** RECORDS SHOWN follows **

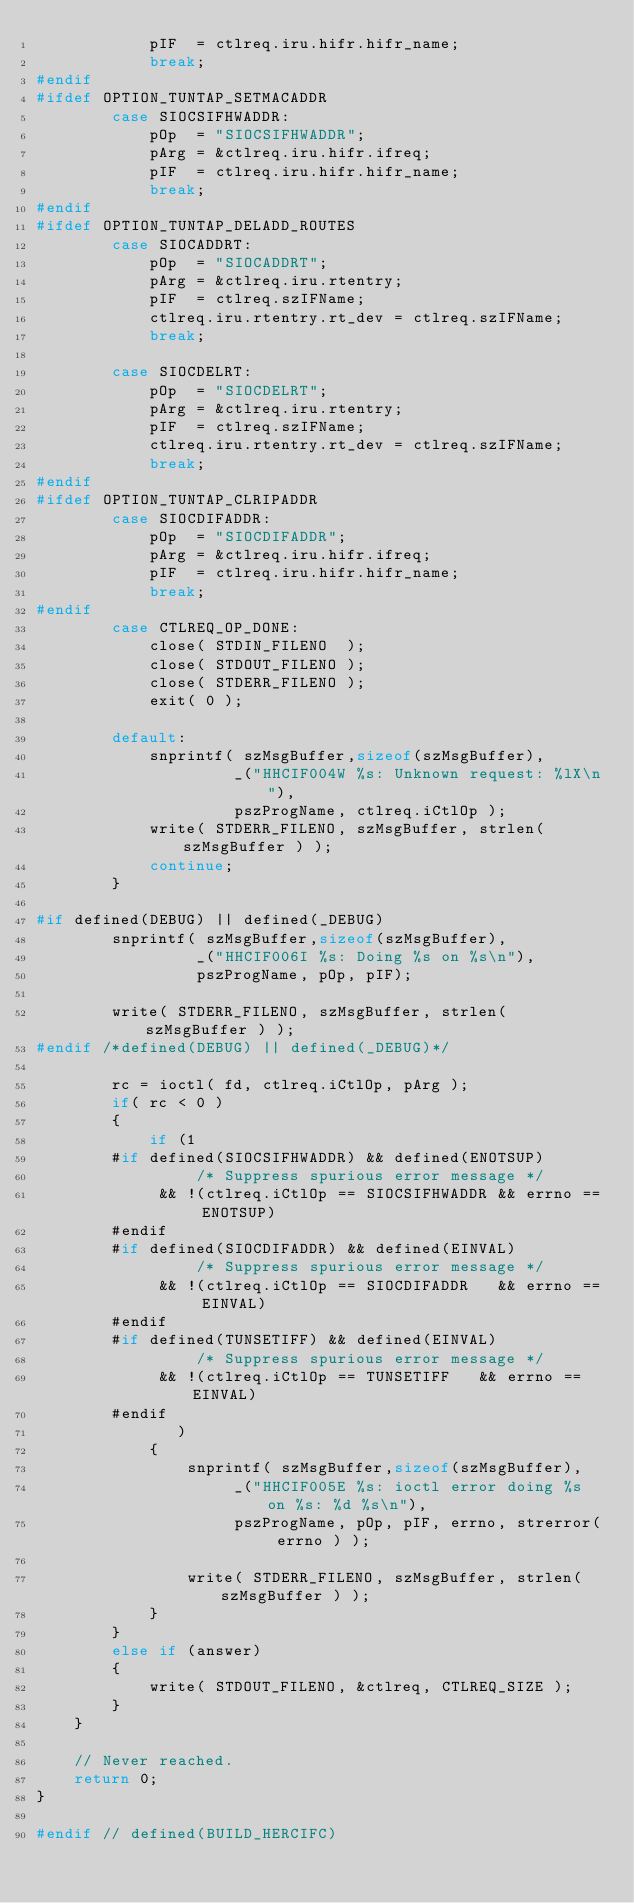Convert code to text. <code><loc_0><loc_0><loc_500><loc_500><_C_>            pIF  = ctlreq.iru.hifr.hifr_name;
            break;
#endif
#ifdef OPTION_TUNTAP_SETMACADDR
        case SIOCSIFHWADDR:
            pOp  = "SIOCSIFHWADDR";
            pArg = &ctlreq.iru.hifr.ifreq;
            pIF  = ctlreq.iru.hifr.hifr_name;
            break;
#endif
#ifdef OPTION_TUNTAP_DELADD_ROUTES
        case SIOCADDRT:
            pOp  = "SIOCADDRT";
            pArg = &ctlreq.iru.rtentry;
            pIF  = ctlreq.szIFName;
            ctlreq.iru.rtentry.rt_dev = ctlreq.szIFName;
            break;

        case SIOCDELRT:
            pOp  = "SIOCDELRT";
            pArg = &ctlreq.iru.rtentry;
            pIF  = ctlreq.szIFName;
            ctlreq.iru.rtentry.rt_dev = ctlreq.szIFName;
            break;
#endif
#ifdef OPTION_TUNTAP_CLRIPADDR
        case SIOCDIFADDR:
            pOp  = "SIOCDIFADDR";
            pArg = &ctlreq.iru.hifr.ifreq;
            pIF  = ctlreq.iru.hifr.hifr_name;
            break;
#endif
        case CTLREQ_OP_DONE:
            close( STDIN_FILENO  );
            close( STDOUT_FILENO );
            close( STDERR_FILENO );
            exit( 0 );

        default:
            snprintf( szMsgBuffer,sizeof(szMsgBuffer),
                     _("HHCIF004W %s: Unknown request: %lX\n"),
                     pszProgName, ctlreq.iCtlOp );
            write( STDERR_FILENO, szMsgBuffer, strlen( szMsgBuffer ) );
            continue;
        }

#if defined(DEBUG) || defined(_DEBUG)
        snprintf( szMsgBuffer,sizeof(szMsgBuffer),
                 _("HHCIF006I %s: Doing %s on %s\n"),
                 pszProgName, pOp, pIF);

        write( STDERR_FILENO, szMsgBuffer, strlen( szMsgBuffer ) );
#endif /*defined(DEBUG) || defined(_DEBUG)*/

        rc = ioctl( fd, ctlreq.iCtlOp, pArg );
        if( rc < 0 )
        {
            if (1
        #if defined(SIOCSIFHWADDR) && defined(ENOTSUP)
                 /* Suppress spurious error message */
             && !(ctlreq.iCtlOp == SIOCSIFHWADDR && errno == ENOTSUP)
        #endif
        #if defined(SIOCDIFADDR) && defined(EINVAL)
                 /* Suppress spurious error message */
             && !(ctlreq.iCtlOp == SIOCDIFADDR   && errno == EINVAL)
        #endif
        #if defined(TUNSETIFF) && defined(EINVAL)
                 /* Suppress spurious error message */
             && !(ctlreq.iCtlOp == TUNSETIFF   && errno == EINVAL)
        #endif
               )
            {
                snprintf( szMsgBuffer,sizeof(szMsgBuffer),
                     _("HHCIF005E %s: ioctl error doing %s on %s: %d %s\n"),
                     pszProgName, pOp, pIF, errno, strerror( errno ) );

                write( STDERR_FILENO, szMsgBuffer, strlen( szMsgBuffer ) );
            }
        }
        else if (answer)
        {
            write( STDOUT_FILENO, &ctlreq, CTLREQ_SIZE );
        }
    }

    // Never reached.
    return 0;
}

#endif // defined(BUILD_HERCIFC)

</code>

** End of RECORDS SHOWN **

_REQUIRED ACTION_
Check each line above for the word "ENOTSUP" and copy every line that has it.

_YOUR RESPONSE_
        #if defined(SIOCSIFHWADDR) && defined(ENOTSUP)
             && !(ctlreq.iCtlOp == SIOCSIFHWADDR && errno == ENOTSUP)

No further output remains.